Problem details:
Set down the records exactly as they stand, except for any pictures, which you should omit.

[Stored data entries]
----

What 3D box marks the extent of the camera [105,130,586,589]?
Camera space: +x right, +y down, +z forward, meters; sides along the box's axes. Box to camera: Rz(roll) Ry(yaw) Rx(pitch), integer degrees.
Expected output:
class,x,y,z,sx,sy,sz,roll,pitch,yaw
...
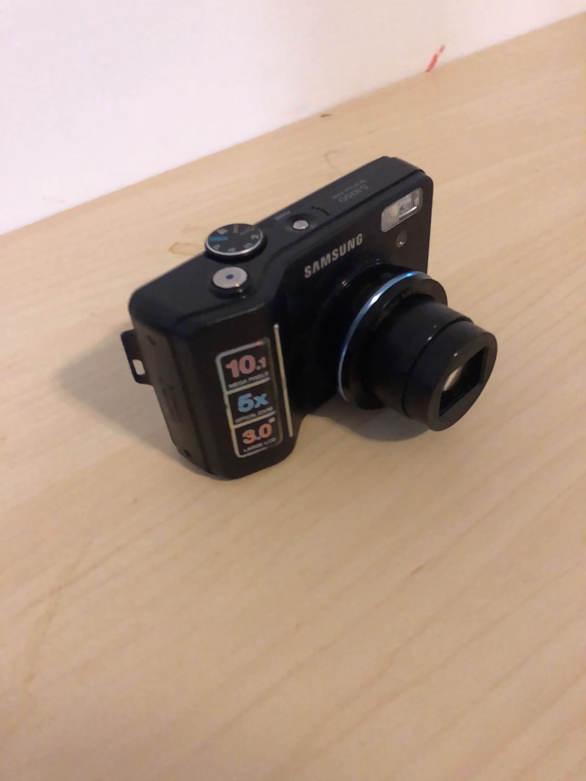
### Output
class,x,y,z,sx,sy,sz,roll,pitch,yaw
camera,0.018,-0.016,0.198,0.110,0.070,0.070,-35,53,-25
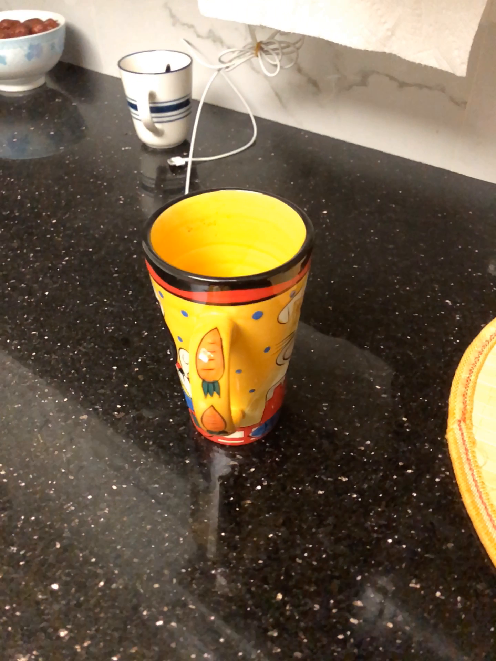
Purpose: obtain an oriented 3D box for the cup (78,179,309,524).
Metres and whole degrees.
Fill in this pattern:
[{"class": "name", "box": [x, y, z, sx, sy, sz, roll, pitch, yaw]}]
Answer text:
[{"class": "cup", "box": [-0.016, 0.011, 0.311, 0.090, 0.139, 0.131, 3, 43, 5]}]
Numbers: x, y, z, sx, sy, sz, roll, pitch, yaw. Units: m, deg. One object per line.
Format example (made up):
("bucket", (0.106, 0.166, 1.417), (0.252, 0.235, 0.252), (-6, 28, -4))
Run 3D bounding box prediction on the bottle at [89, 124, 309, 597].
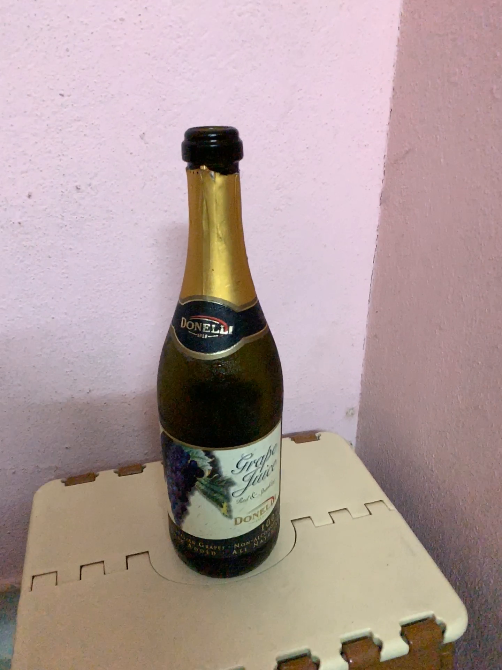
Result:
("bottle", (-0.022, 0.024, 0.317), (0.090, 0.279, 0.070), (7, 26, 15))
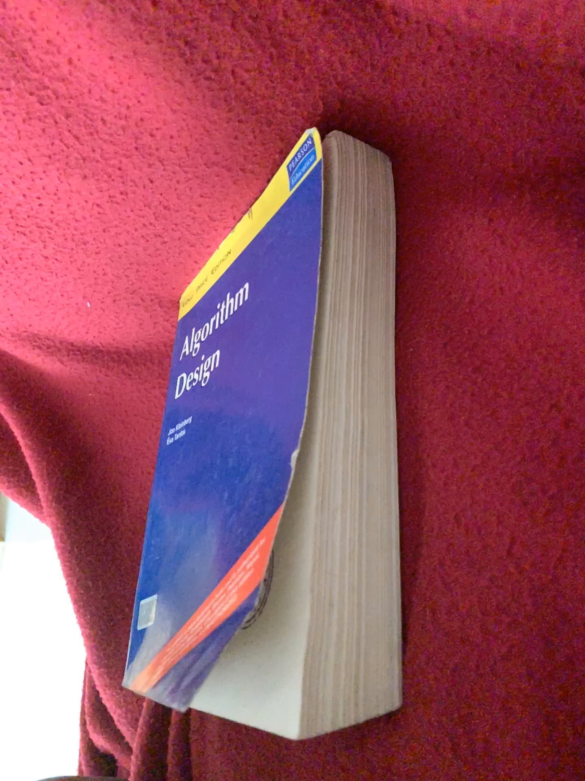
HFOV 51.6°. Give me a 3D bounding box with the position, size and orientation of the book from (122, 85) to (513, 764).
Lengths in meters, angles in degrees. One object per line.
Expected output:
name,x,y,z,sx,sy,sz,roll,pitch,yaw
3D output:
book,-0.003,0.021,0.298,0.191,0.060,0.251,-30,50,51
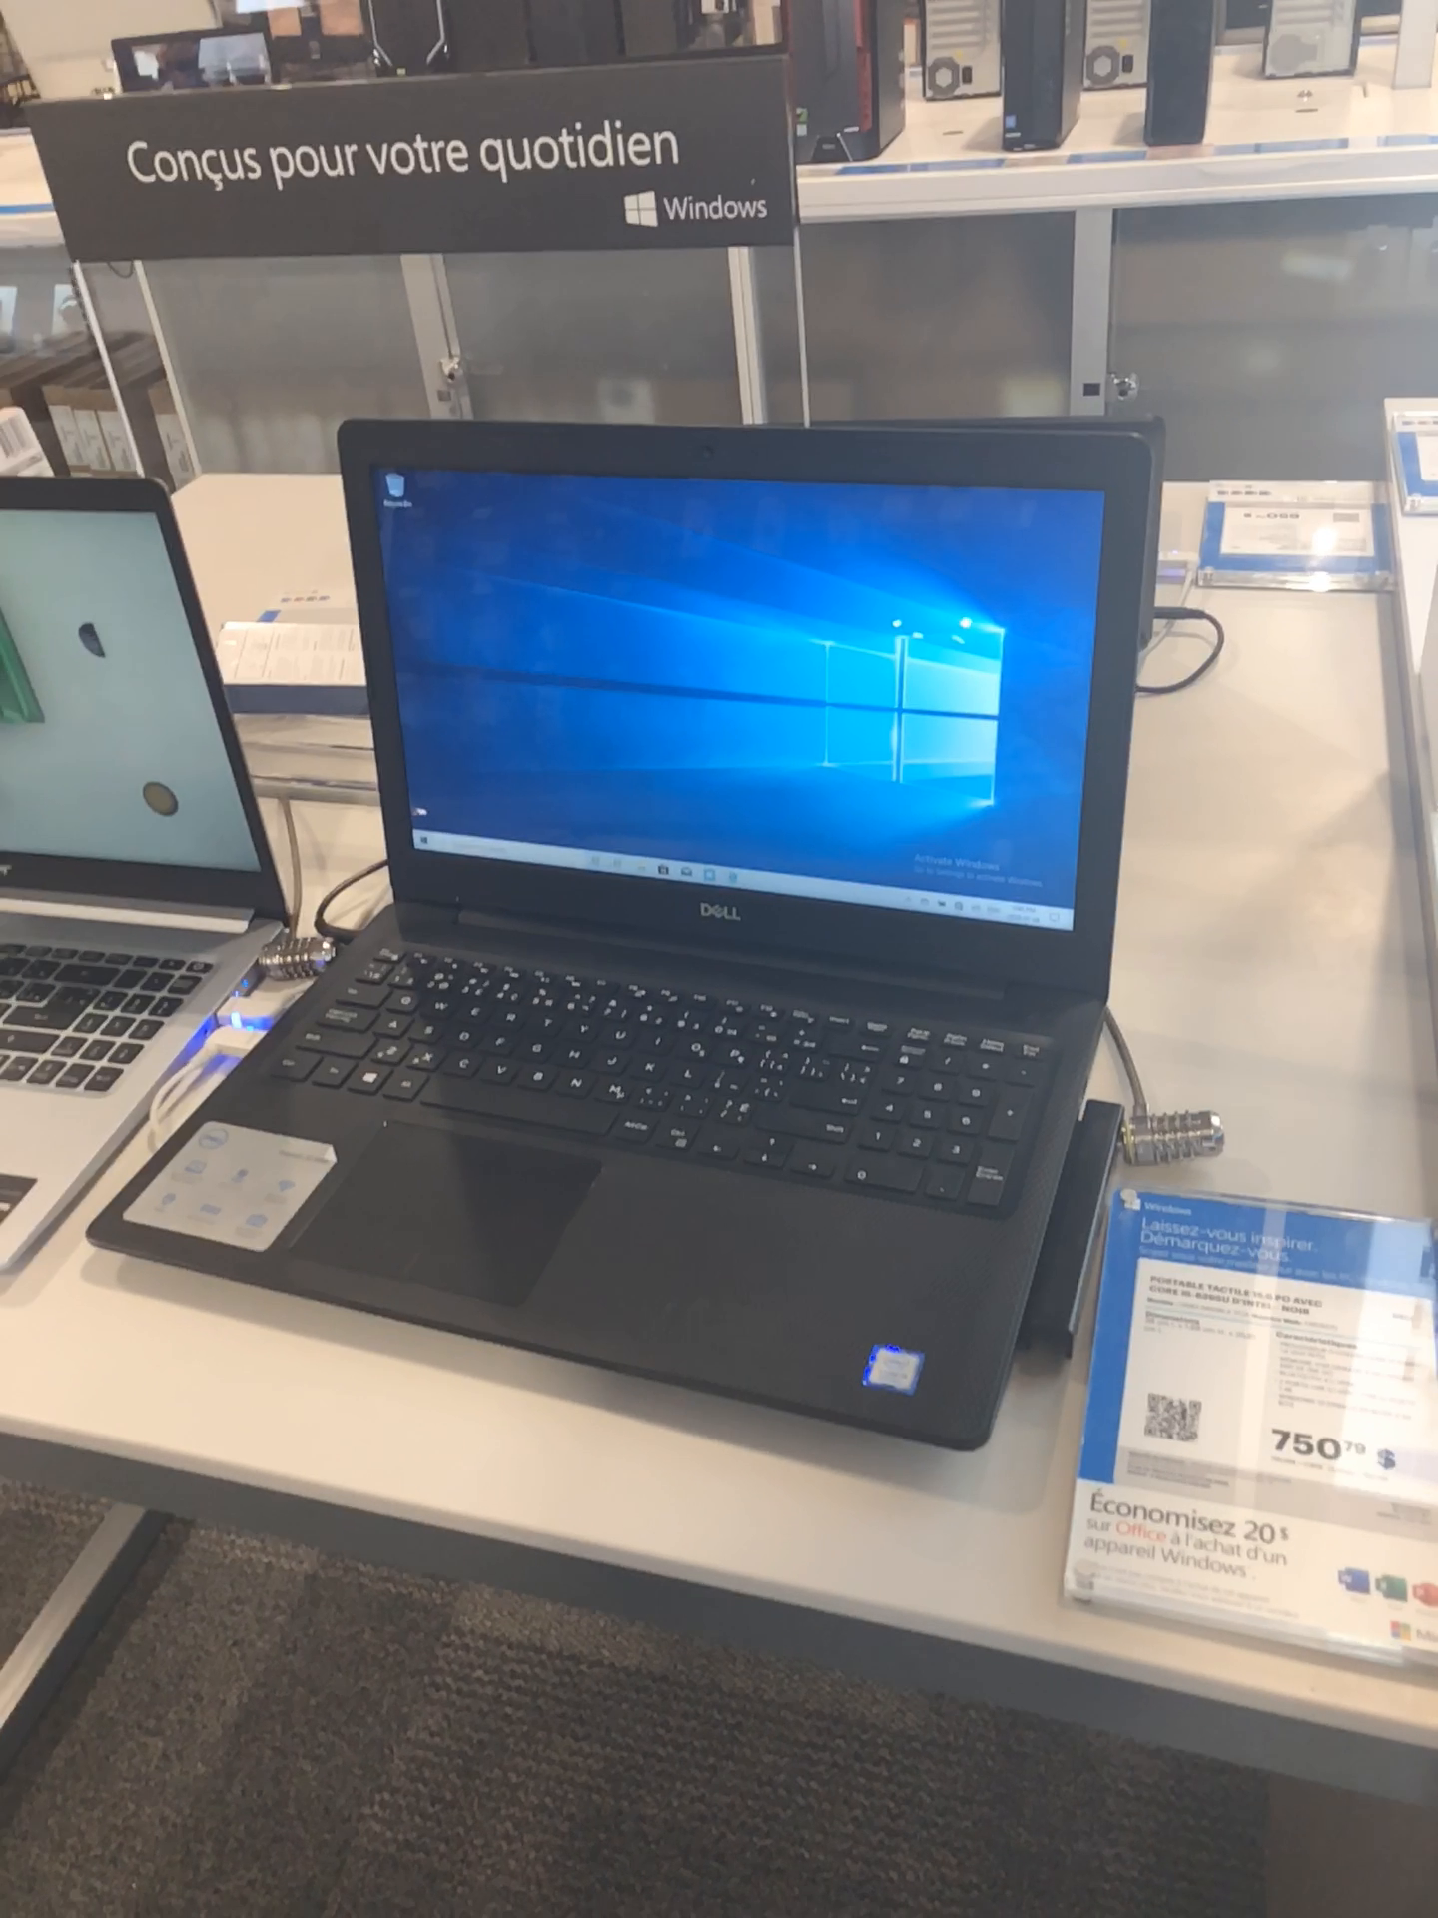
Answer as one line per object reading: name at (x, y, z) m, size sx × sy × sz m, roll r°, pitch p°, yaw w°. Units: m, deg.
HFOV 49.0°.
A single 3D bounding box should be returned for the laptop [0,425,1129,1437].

----

Completed task:
What 3D box marks the extent of the camera [105,130,586,589]?
Camera space: +x right, +y down, +z forward, meters; sides along the box's axes. Box to camera: Rz(roll) Ry(yaw) Rx(pitch), integer degrees.
Expected output:
class,x,y,z,sx,sy,sz,roll,pitch,yaw
...
### Output
class,x,y,z,sx,sy,sz,roll,pitch,yaw
camera,0.018,-0.016,0.198,0.110,0.070,0.070,-35,53,-25
Purpose: obtain an oriented 3D box for the cup (78,179,309,524).
Metres and whole degrees.
Fill in this pattern:
[{"class": "name", "box": [x, y, z, sx, sy, sz, roll, pitch, yaw]}]
Answer text:
[{"class": "cup", "box": [-0.016, 0.011, 0.311, 0.090, 0.139, 0.131, 3, 43, 5]}]
Numbers: x, y, z, sx, sy, sz, roll, pitch, yaw. Units: m, deg. One object per line.
Format example (made up):
("bucket", (0.106, 0.166, 1.417), (0.252, 0.235, 0.252), (-6, 28, -4))
Run 3D bounding box prediction on the bottle at [89, 124, 309, 597].
Result:
("bottle", (-0.022, 0.024, 0.317), (0.090, 0.279, 0.070), (7, 26, 15))
HFOV 51.6°. Give me a 3D bounding box with the position, size and orientation of the book from (122, 85) to (513, 764).
Lengths in meters, angles in degrees. One object per line.
Expected output:
name,x,y,z,sx,sy,sz,roll,pitch,yaw
3D output:
book,-0.003,0.021,0.298,0.191,0.060,0.251,-30,50,51
Answer as one line per object reading: name at (x, y, z) m, size sx × sy × sz m, roll r°, pitch p°, yaw w°. Units: m, deg.
HFOV 49.0°.
A single 3D bounding box should be returned for the laptop [0,425,1129,1437].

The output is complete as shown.